What I'm suggesting is using a power source with ample amp output. 
What you see above is rated at 25A continuous and the volts go from 3 to 15.

Reactions: Like 3


----------



## Dave1 (4/5/16)

A couple of years back I had a PC rig that I used that took power from the PC's 5v line direct from the power supply. The power supply was rated for 30A @ 5v but I never built below 0.5Ω usually about 0.8Ω. Was a decent vape, I must look for it again although I use a laptop nowadays.

Reactions: Like 2


----------



## Cespian (4/5/16)

Christos said:


> What are the amp ratings of the usb power plugs?
> Why not get a decent dc power supply like so:
> View attachment 53223
> 
> ...



Thanks. Not as versatile as I originally hoped it could be (i.e light weight versatile wall adapter). But lets see, I will make up the cable in the meantime with the poly fuses and 510 adapter (as soon as it gets off that damn boat). The power supply mechanism still seems a bit opaque right now


----------



## Cespian (4/5/16)

Dave1 said:


> A couple of years back I had a PC rig that I used that took power from the PC's 5v line direct from the power supply. The power supply was rated for 30A @ 5v but I never built below 0.5Ω usually about 0.8Ω. Was a decent vape, I must look for it again although I use a laptop nowadays.

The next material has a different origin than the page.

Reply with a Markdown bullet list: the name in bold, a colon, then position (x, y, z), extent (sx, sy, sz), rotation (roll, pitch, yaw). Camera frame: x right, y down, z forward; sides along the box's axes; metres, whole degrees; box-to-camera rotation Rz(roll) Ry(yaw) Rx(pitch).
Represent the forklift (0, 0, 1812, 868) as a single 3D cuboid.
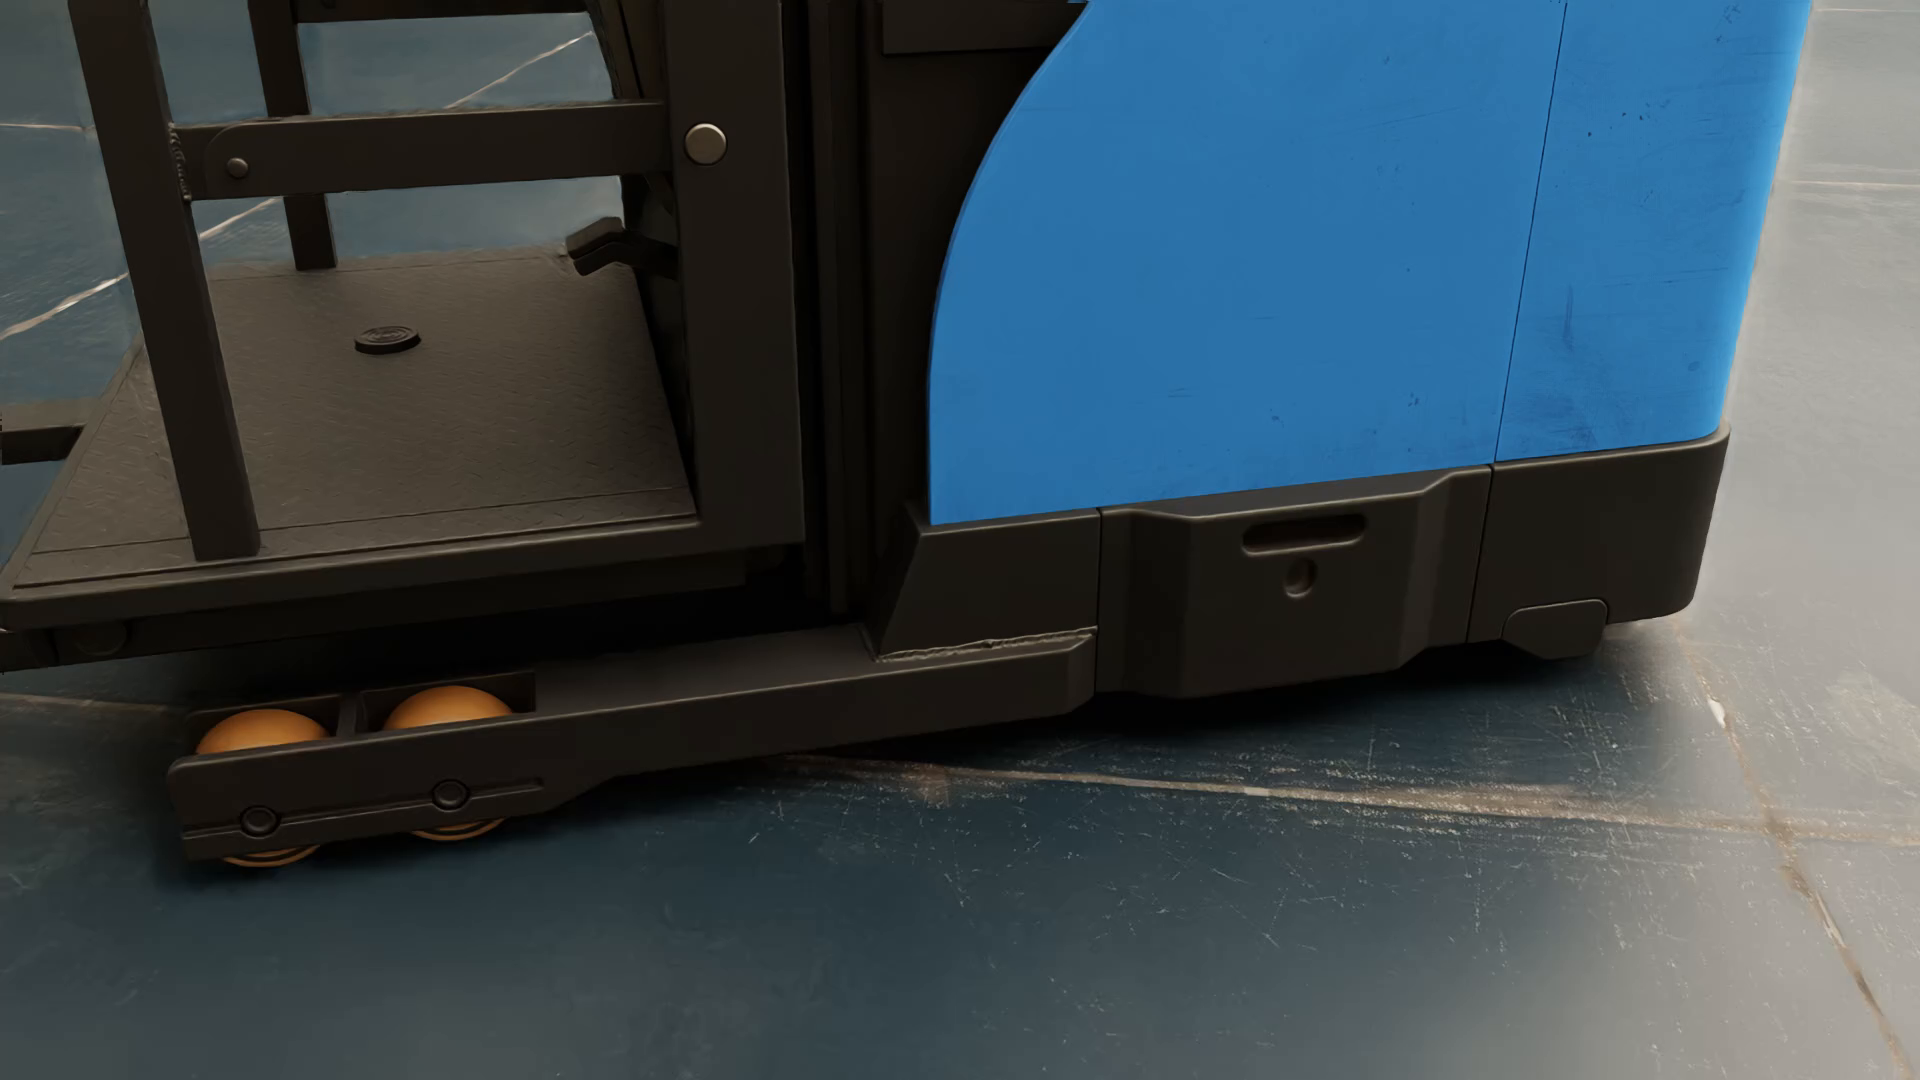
- **forklift**: position (-0.598, -1.220, 1.661), extent (3.031, 2.935, 1.130), rotation (-6, 27, -13)

If you find it, I would appreciate if you could share the diagram with me. My multimeter is a bit dusty so this is perfect opportunity to use R1600 device thats just laying in a cupboard.

Reactions: Like 1


----------



## Dave1 (4/5/16)

Cespian said:


> If you find it, I would appreciate if you could share the diagram with me. My multimeter is a bit dusty so this is perfect opportunity to use R1600 device thats just laying in a cupboard.


Old PC power supplies make for decent bench power supplies. I use them for my radios as people tend to throw them away.
Most have a sticker on them like the following






I DO NOT RECOMMEND DOING THIS FROM A WORKING PC (INTERNAL) POWER SUPPLY. 
Although these devices have all sorts of safety stuff built in they can hurt you badly. Do some research before trying / playing.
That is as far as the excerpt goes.